The Norfolk Virginia Police Department fired Sgt. William K. Kelly III for donating anonymously $25 to Kyle Rittenhouse’s defense.
The department only found out because a hacker group released the information of the anonymous users.
A jury found Rittenhouse not guilty on all counts.
Kelly wants his job back.
Kelly told The Daily Mail he thought Rittenhouse was innocent based on videos. He also explained why he donated:
‘Everything I’m saying is just my personal opinion. I’ve been a homicide detective, a violent crimes investigator for years. I have a background. I watched the video of the shooting and I’d seen the video of the journalists of Mr. Rittenhouse before the shooting and the protesters before the shooting and I thought it painted a pretty clear picture that Mr. Rittenhouse had a very strong claim for self-defense.
‘I was very surprised when he was charged soon after the shooting with these murders and the shooting of the third victim,’ he said.
Kelly, a self-confessed ‘news junkie’, saw that a GoFundMe account for Rittenhouse had been canceled, and a site called Give Send Go had set up another page for him.
He logged on and donated, making sure to leave out personal details because he says he didn’t want to associate himself with the police department.
‘I was interested in giving him the chance to defend himself in front of a jury. I know that lawyers are expensive, and it’s hard sometimes to get the message out there. I wanted to make sure that he had the means necessary to make his claim in court.
‘It mattered. The comments I made, my belief that he has a strong claim for self-defense was a personal opinion. I didn’t want my city or police department to be associated with it, so I chose to donate anonymously.
‘It was only after the hackers broke into it that they were able to connect those dots,’ he said.
Kelly also mentioned the comments and demands for his firing did not come from local people. But the department decided Kelly’s donation “eroded the public’s trust in the police.”
He wants his job back. Kelly wishes the department waited to make a decision about his employment instead of rushing to appease the woke mob:
Speaking from his home in Norfolk, he said he wishes the city officials had waited at least until tensions surrounding the case had calmed, if not until the trial.
‘If people consumed as much information as I did about the case they may have come to a different conclusion. And honestly even if they did consume as much information as I did and they came to a different conclusion – that’s fine.
‘This is America. You can agree with your neighbors and other people in your community and you can disagree with them. Just because someone has a different opinion than you, it doesn’t mean you should destroy their lives, take their job away.
‘My opinion on the self-defense claim of Mr. Rittenhouse has no impact on my ability to do my job as a police officer.’
He says the only reason he was fired was because he supported the teenager.
‘If I had a different opinion and I donated to a fund for the victims and made comments about how Mr.

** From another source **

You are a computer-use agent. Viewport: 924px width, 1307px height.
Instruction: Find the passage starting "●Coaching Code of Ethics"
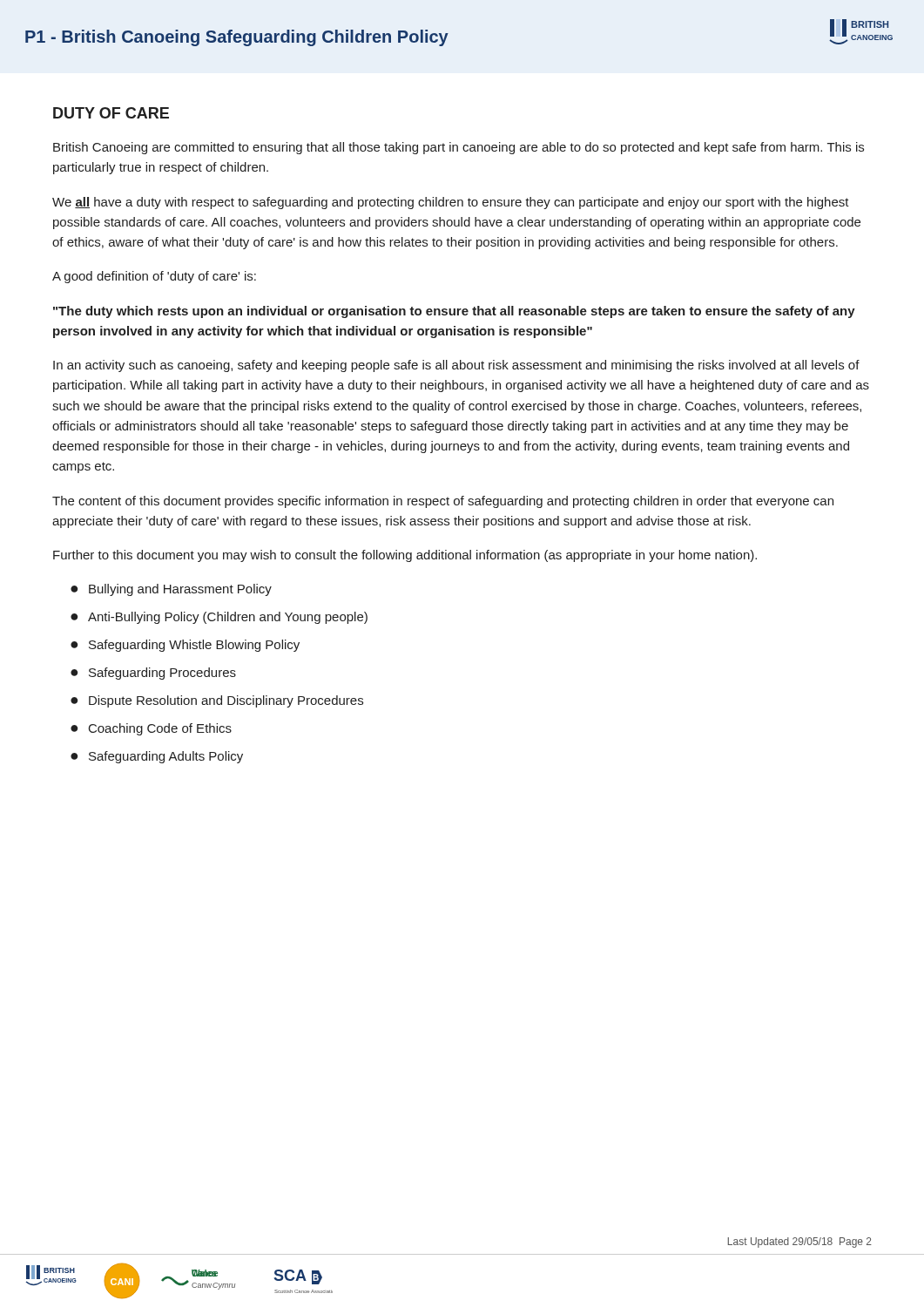pos(151,729)

Rittenhouse was a murderer, nobody would have cared or tried to get me fired.’
Kelly filed a grievance. He mentioned police chief Larry Boone attended a BLM protest while in uniform and on duty:
In the photo, Boone is holding a sign that reads Black Lives Matter, with the names of people who have been shot by cops – including some in Norfolk – around it.
‘The hypocrisy is dumbfounding. For the leader of our organization to be able to advocate support for a movement that is at the very least divisive in America today, in uniform while on duty… he was holding carried the name of a person who had recently been shot by a Norfolk police officer.
‘The sign demanded justice for that person, but that shooting was still under investigation to determine whether or not that officer should be charged criminally. It’s very inconsistent.
‘Yet I cannot, off-duty, on my own time make a donation and some comments that are well within the realm of public, acceptable discourse?’
The bigger issue, he says, is that he was fired for daring to have an opinion that went against woke officials and public pressure to condemn the teenager.
‘The outcome of the trial has nothing to do with my vindication – right or wrong, an American has the right to express their opinion within the realm of public discourse.